Climate Change and Water
As the numbers of unhoused people rise, homelessness is becoming increasingly criminalized in cities across the country. Public camping bans, laws prohibiting people from sleeping in vehicles, panhandling, and even sharing food are all on the rise. Some public restrooms have reopened since the height of the pandemic—some have not—but few are unlocked and available overnight. Yet punishments have increased for public urination. Cities from Las Vegas, NV, to Honolulu, HI, to Denver, CO, are escalating the crackdown on their unhoused populations, from camping bans to closed shelters. Massive police sweeps violently clear encampments, forcing people to move elsewhere and often destroying their belongings, including items necessary for health and safety such as tents, blankets, stoves, and water bottles.
People who are unhoused often lack a consistent, safe water supply for bathing, cleaning, drinking, or preparing food, and are at increased risk from dehydration. Water can sometimes be found in park fountains, fire hydrants, spigots at gas stations, or businesses like malls—but access to such water is limited and procuring it can be illegal or dangerous. The potability of water is also increasingly questionable, a quality instability worsened by the climate crisis.
According to the EPA, “Climate change threatens the quality of source water through increased runoff of pollutants and sediment, decreased water availability from drought and saltwater intrusion, as well as adversely affecting overall efforts to maintain water quality.” The impacts of the climate crisis are more severe storms, which can include heavy downfalls of rain. Rather than providing a source of safe water, these heavy rains can worsen the amount of pollution and sediment in bodies of water like streams and rivers.
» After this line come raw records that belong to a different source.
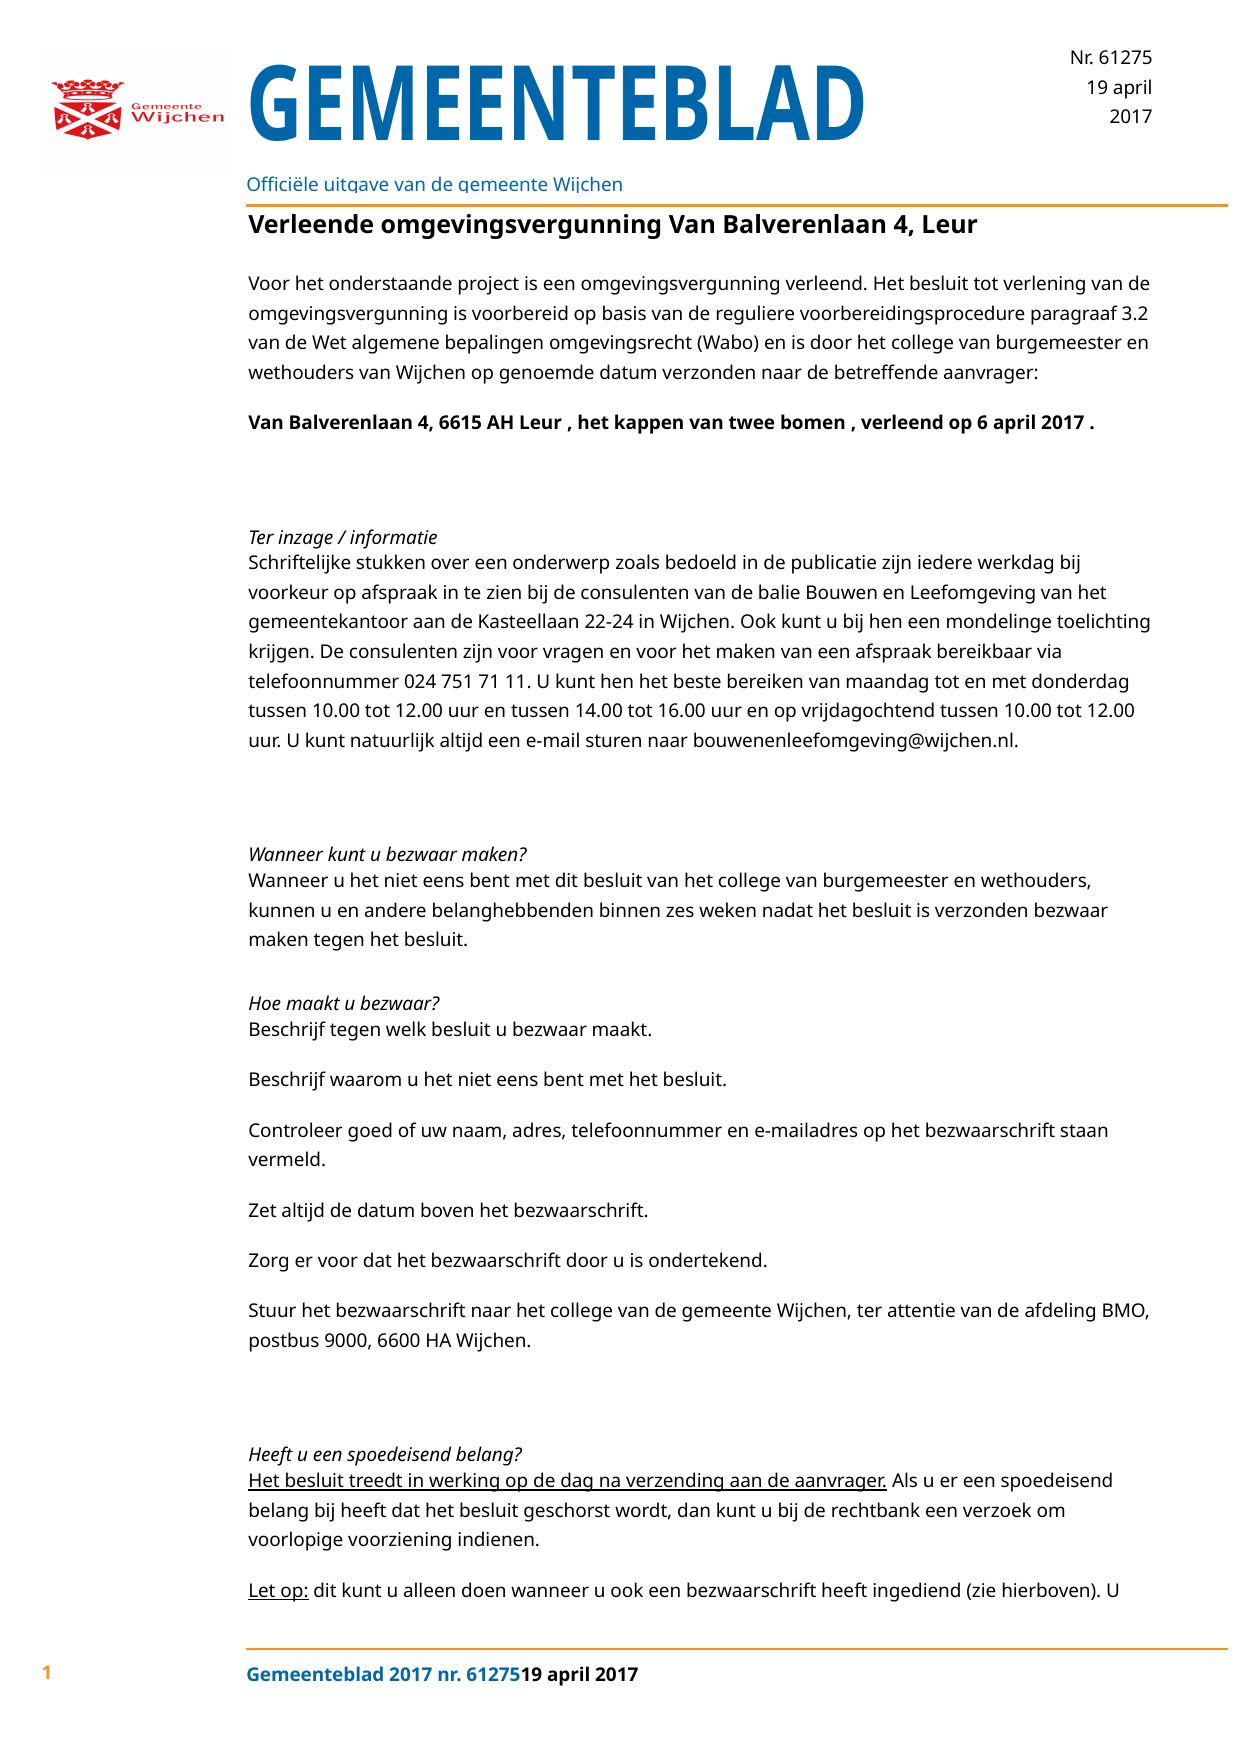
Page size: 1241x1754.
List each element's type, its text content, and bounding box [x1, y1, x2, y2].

text Stuur het bezwaarschrift naar het college van de gemeente Wijchen, ter attentie van de afdeling BMO, postbus 9000, 6600 HA Wijchen. [248, 1298, 1152, 1353]
text Controleer goed of uw naam, adres, telefoonnummer en e-mailadres op het bezwaarschrift staan vermeld. [248, 1117, 1152, 1172]
text Van Balverenlaan 4, 6615 AH Leur , het kappen van twee bomen , verleend op 6 april 2017 . [248, 409, 1152, 435]
text Ter inzage / informatie [248, 524, 1152, 549]
text Beschrijf waarom u het niet eens bent met het besluit. [248, 1066, 1152, 1092]
text Heeft u een spoedeisend belang? [248, 1442, 1152, 1467]
text Verleende omgevingsvergunning Van Balverenlaan 4, Leur [248, 207, 1152, 241]
text Schriftelijke stukken over een onderwerp zoals bedoeld in de publicatie zijn iedere werkdag bij voorkeur op afspraak in te zien bij de consulenten van de balie Bouwen en Leefomgeving van het gemeentekantoor aan de Kasteellaan 22-24 in Wijchen. Ook kunt u bij hen een mondelinge toelichting krijgen. De consulenten zijn voor vragen en voor het maken van een afspraak bereikbaar via telefoonnummer 024 751 71 11. U kunt hen het beste bereiken van maandag tot en met donderdag tussen 10.00 tot 12.00 uur en tussen 14.00 tot 16.00 uur en op vrijdagochtend tussen 10.00 tot 12.00 uur. U kunt natuurlijk altijd een e-mail sturen naar bouwenenleefomgeving@wijchen.nl. [248, 549, 1152, 753]
text Wanneer kunt u bezwaar maken? [248, 841, 1152, 867]
text Voor het onderstaande project is een omgevingsvergunning verleend. Het besluit tot verlening van de omgevingsvergunning is voorbereid op basis van de reguliere voorbereidingsprocedure paragraaf 3.2 van de Wet algemene bepalingen omgevingsrecht (Wabo) en is door het college van burgemeester en wethouders van Wijchen op genoemde datum verzonden naar de betreffende aanvrager: [248, 270, 1152, 385]
text Wanneer u het niet eens bent met dit besluit van het college van burgemeester en wethouders, kunnen u en andere belanghebbenden binnen zes weken nadat het besluit is verzonden bezwaar maken tegen het besluit. [248, 867, 1152, 952]
text Zet altijd de datum boven het bezwaarschrift. [248, 1197, 1152, 1223]
text Beschrijf tegen welk besluit u bezwaar maakt. [248, 1016, 1152, 1042]
picture [41, 47, 231, 172]
text Het besluit treedt in werking op de dag na verzending aan de aanvrager. Als u er een spoedeisend belang bij heeft dat het besluit geschorst wordt, dan kunt u bij de rechtbank een verzoek om voorlopige voorziening indienen. [248, 1467, 1152, 1552]
text Hoe maakt u bezwaar? [248, 990, 1152, 1016]
text Let op: dit kunt u alleen doen wanneer u ook een bezwaarschrift heeft ingediend (zie hierboven). U [248, 1577, 1152, 1603]
text Zorg er voor dat het bezwaarschrift door u is ondertekend. [248, 1247, 1152, 1273]
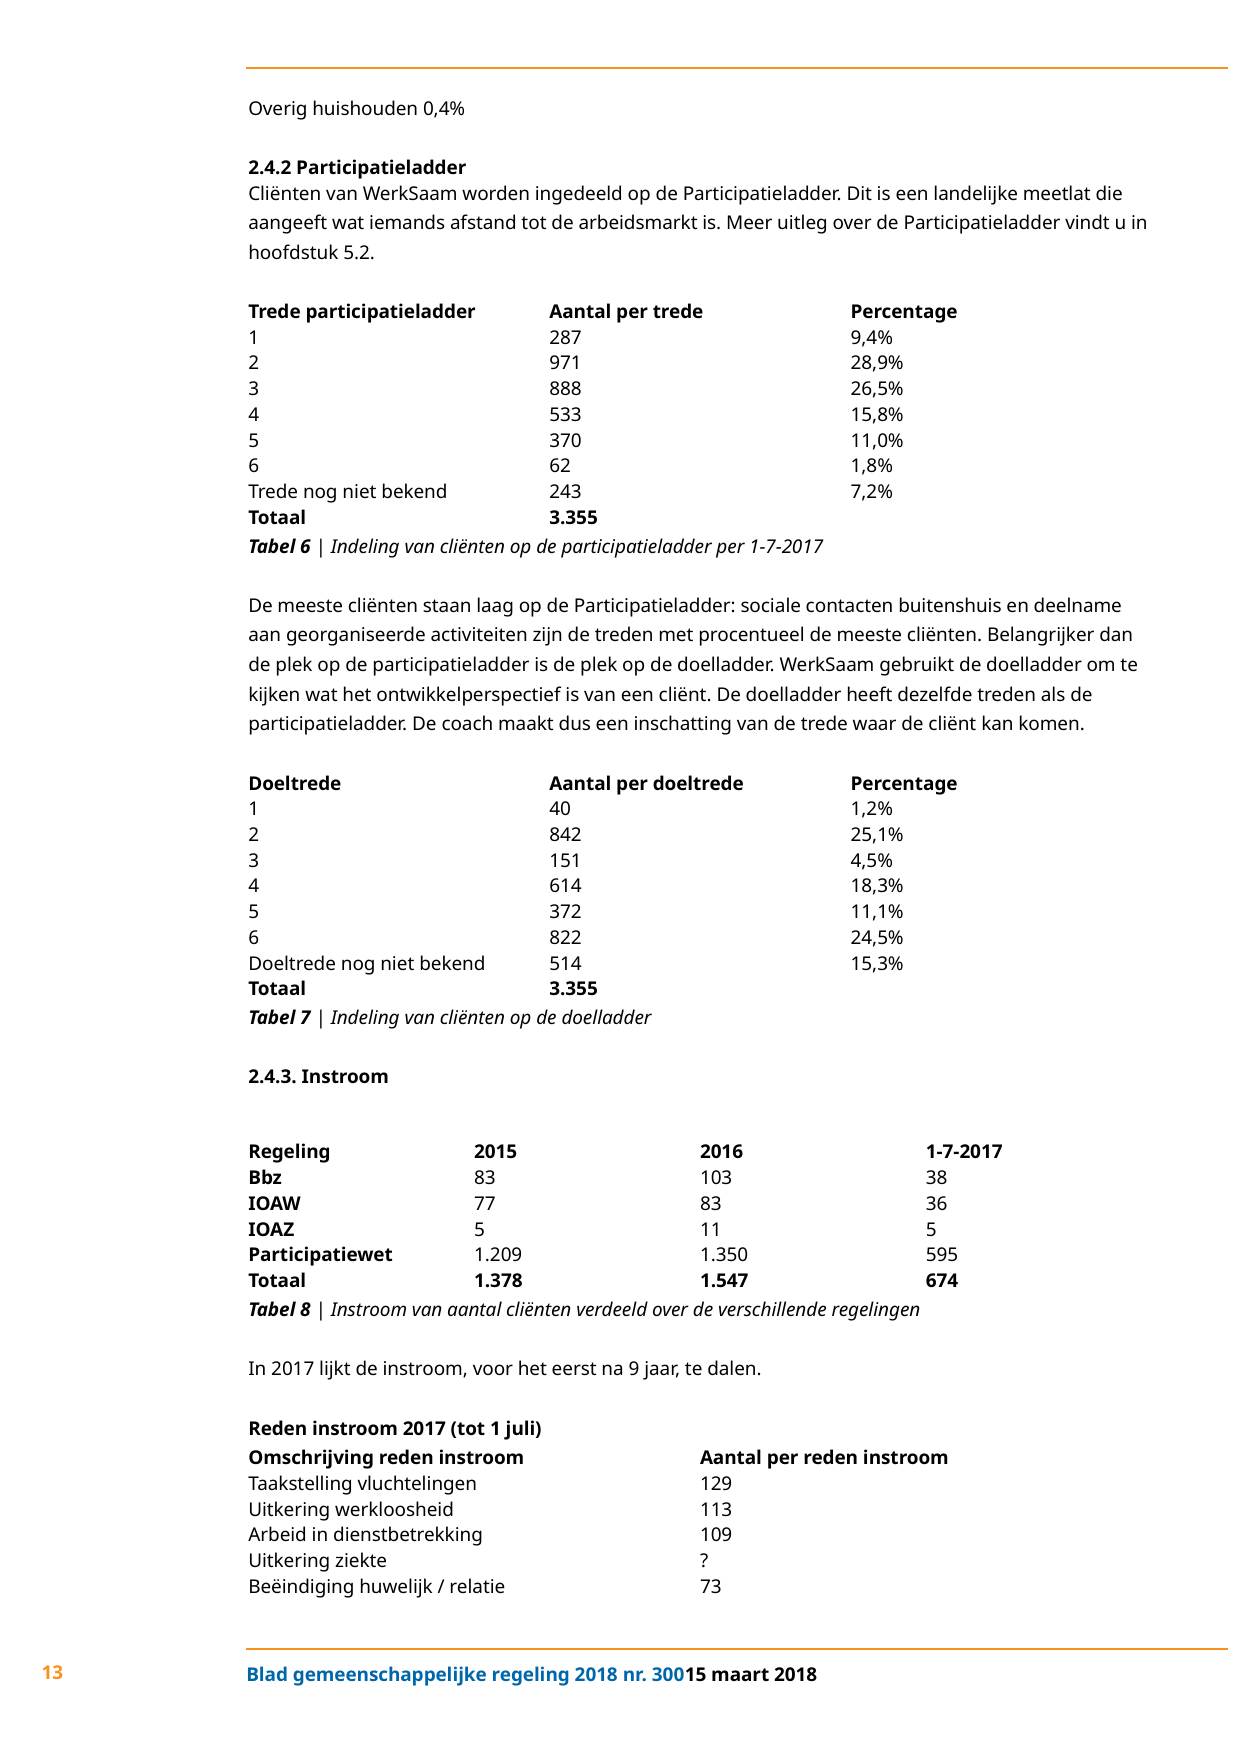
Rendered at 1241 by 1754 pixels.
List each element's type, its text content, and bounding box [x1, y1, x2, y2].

table_header 2015 [474, 1139, 700, 1164]
table_cell 533 [549, 401, 850, 427]
table_cell 4 [248, 401, 549, 427]
table_cell 15,8% [850, 401, 1152, 427]
table_cell 73 [700, 1573, 1152, 1599]
text Cliënten van WerkSaam worden ingedeeld op de Participatieladder. Dit is een landelijke meetlat die aangeeft wat iemands afstand tot de arbeidsmarkt is. Meer uitleg over de Participatieladder vindt u in hoofdstuk 5.2. [248, 180, 1152, 264]
table_cell [850, 976, 1152, 1001]
table_header Percentage [850, 770, 1152, 795]
text Tabel 8 | Instroom van aantal cliënten verdeeld over de verschillende regelingen [248, 1296, 1152, 1322]
table_cell 372 [549, 898, 850, 924]
table_cell 109 [700, 1522, 1152, 1547]
table_header Omschrijving reden instroom [248, 1444, 700, 1470]
table_cell 514 [549, 950, 850, 976]
table_cell 36 [926, 1190, 1152, 1216]
table_cell 1.378 [474, 1268, 700, 1293]
table_cell 5 [248, 427, 549, 452]
table_cell 113 [700, 1496, 1152, 1522]
table_header Regeling [248, 1139, 474, 1164]
table_cell 129 [700, 1470, 1152, 1496]
table_cell IOAZ [248, 1216, 474, 1242]
table_cell Taakstelling vluchtelingen [248, 1470, 700, 1496]
table_cell Arbeid in dienstbetrekking [248, 1522, 700, 1547]
table_cell 103 [700, 1165, 926, 1190]
table_cell Uitkering ziekte [248, 1547, 700, 1573]
table_cell 1 [248, 795, 549, 821]
table_cell 25,1% [850, 821, 1152, 847]
table_cell 370 [549, 427, 850, 452]
table_cell 614 [549, 873, 850, 898]
table_header Aantal per trede [549, 298, 850, 324]
table_header Doeltrede [248, 770, 549, 795]
table_cell Totaal [248, 1268, 474, 1293]
table_cell 5 [474, 1216, 700, 1242]
table_cell 674 [926, 1268, 1152, 1293]
table_cell 3.355 [549, 976, 850, 1001]
table_cell Trede nog niet bekend [248, 478, 549, 504]
table_cell 595 [926, 1242, 1152, 1267]
table_cell 822 [549, 924, 850, 950]
table_header 1-7-2017 [926, 1139, 1152, 1164]
table_cell 3.355 [549, 504, 850, 530]
table_cell 26,5% [850, 375, 1152, 401]
text De meeste cliënten staan laag op de Participatieladder: sociale contacten buitenshuis en deelname aan georganiseerde activiteiten zijn de treden met procentueel de meeste cliënten. Belangrijker dan de plek op de participatieladder is de plek op de doelladder. WerkSaam gebruikt de doelladder om te kijken wat het ontwikkelperspectief is van een cliënt. De doelladder heeft dezelfde treden als de participatieladder. De coach maakt dus een inschatting van de trede waar de cliënt kan komen. [248, 592, 1152, 736]
table_cell ? [700, 1547, 1152, 1573]
table_cell 5 [926, 1216, 1152, 1242]
table_cell 2 [248, 821, 549, 847]
text In 2017 lijkt de instroom, voor het eerst na 9 jaar, te dalen. [248, 1356, 1152, 1381]
table_cell Uitkering werkloosheid [248, 1496, 700, 1522]
table_cell 15,3% [850, 950, 1152, 976]
picture [41, 47, 231, 172]
table_cell 1,8% [850, 453, 1152, 478]
table_header 2016 [700, 1139, 926, 1164]
table_cell 151 [549, 847, 850, 873]
table_cell 83 [700, 1190, 926, 1216]
table_cell 7,2% [850, 478, 1152, 504]
table_cell 4,5% [850, 847, 1152, 873]
table_cell Totaal [248, 504, 549, 530]
table_cell 6 [248, 924, 549, 950]
table_cell 5 [248, 898, 549, 924]
table_cell 2 [248, 350, 549, 375]
table_cell 11 [700, 1216, 926, 1242]
table_cell 28,9% [850, 350, 1152, 375]
table_cell 38 [926, 1165, 1152, 1190]
table_cell 1.350 [700, 1242, 926, 1267]
table_cell 287 [549, 324, 850, 349]
table_cell 11,0% [850, 427, 1152, 452]
text Tabel 7 | Indeling van cliënten op de doelladder [248, 1004, 1152, 1030]
table_cell Bbz [248, 1165, 474, 1190]
table_cell 62 [549, 453, 850, 478]
table_cell 77 [474, 1190, 700, 1216]
table_cell 24,5% [850, 924, 1152, 950]
table_header Aantal per reden instroom [700, 1444, 1152, 1470]
table_cell Doeltrede nog niet bekend [248, 950, 549, 976]
table_cell 11,1% [850, 898, 1152, 924]
table_cell 9,4% [850, 324, 1152, 349]
table_cell 971 [549, 350, 850, 375]
table_cell Totaal [248, 976, 549, 1001]
table_cell 4 [248, 873, 549, 898]
table_header Percentage [850, 298, 1152, 324]
table_cell Participatiewet [248, 1242, 474, 1267]
table_cell 888 [549, 375, 850, 401]
table_cell 6 [248, 453, 549, 478]
table_cell 243 [549, 478, 850, 504]
table_cell 842 [549, 821, 850, 847]
table_cell IOAW [248, 1190, 474, 1216]
text Reden instroom 2017 (tot 1 juli) [248, 1415, 1152, 1440]
table_cell Beëindiging huwelijk / relatie [248, 1573, 700, 1599]
table_header Aantal per doeltrede [549, 770, 850, 795]
table_cell 1 [248, 324, 549, 349]
table_cell 3 [248, 847, 549, 873]
table_cell [850, 504, 1152, 530]
text 2.4.2 Participatieladder [248, 154, 1152, 180]
table_cell 3 [248, 375, 549, 401]
text Overig huishouden 0,4% [248, 95, 1152, 121]
text Tabel 6 | Indeling van cliënten op de participatieladder per 1-7-2017 [248, 533, 1152, 559]
table_cell 1.547 [700, 1268, 926, 1293]
text 2.4.3. Instroom [248, 1064, 1152, 1089]
table_cell 83 [474, 1165, 700, 1190]
table_header Trede participatieladder [248, 298, 549, 324]
table_cell 18,3% [850, 873, 1152, 898]
table_cell 1,2% [850, 795, 1152, 821]
table_cell 40 [549, 795, 850, 821]
table_cell 1.209 [474, 1242, 700, 1267]

Conversely, climate change droughts can dry up sources of fresh water. The higher temperatures around the globe also increase the risk of growth of algae and bacteria in water. During climate emergencies such as tornadoes or floods, utilities—including water services—can be disrupted, cutting off sources of water.
Hygiene…is not only a concern of safety but an issue of justice….A way to “restore dignity and offer fresh hope.”
Restoring Dignity
Some unhoused people rely on donations of bottled water. While not consistently reliable, such donations can be used for drinking and cooking but still leave the problem of hygiene, which is not only a concern of safety but an issue of justice.
As Flowing with Blessings noted, hygiene is a way to “restore dignity and offer fresh hope through showers.” A hot shower can help with physical issues, from muscle soreness to circulation problems, and reduce stress while improving confidence. As one person who utilized the mobile shower unit told Atlanta NPR station WABE, “I feel blessed…I feel better. It makes you feel good knowing that your body is clean….As they say, cleanliness is next to godliness.”
Mobile units like trailer showers are a way to help many people quickly and to bring assistance to people where they are. Flowing with Blessings parks at public libraries, parks, shelters, and parking lots, meeting unhoused people where they feel comfortable going and interacting with the community. That’s a strategy that nonprofits bringing preventative care like mammograms, well checks, and vaccines have been utilizing for decades—and it’s one that may become even more important as climate change continues to reshape how and where people can live.
Hot showers are a basic service but a simple and accessible way to help, with instant results. As Flowing with Blessings founder Nicky Crawford told WABE, “The blessings that I get is seeing these people being able to take a shower…and have a sense of dignity for today.”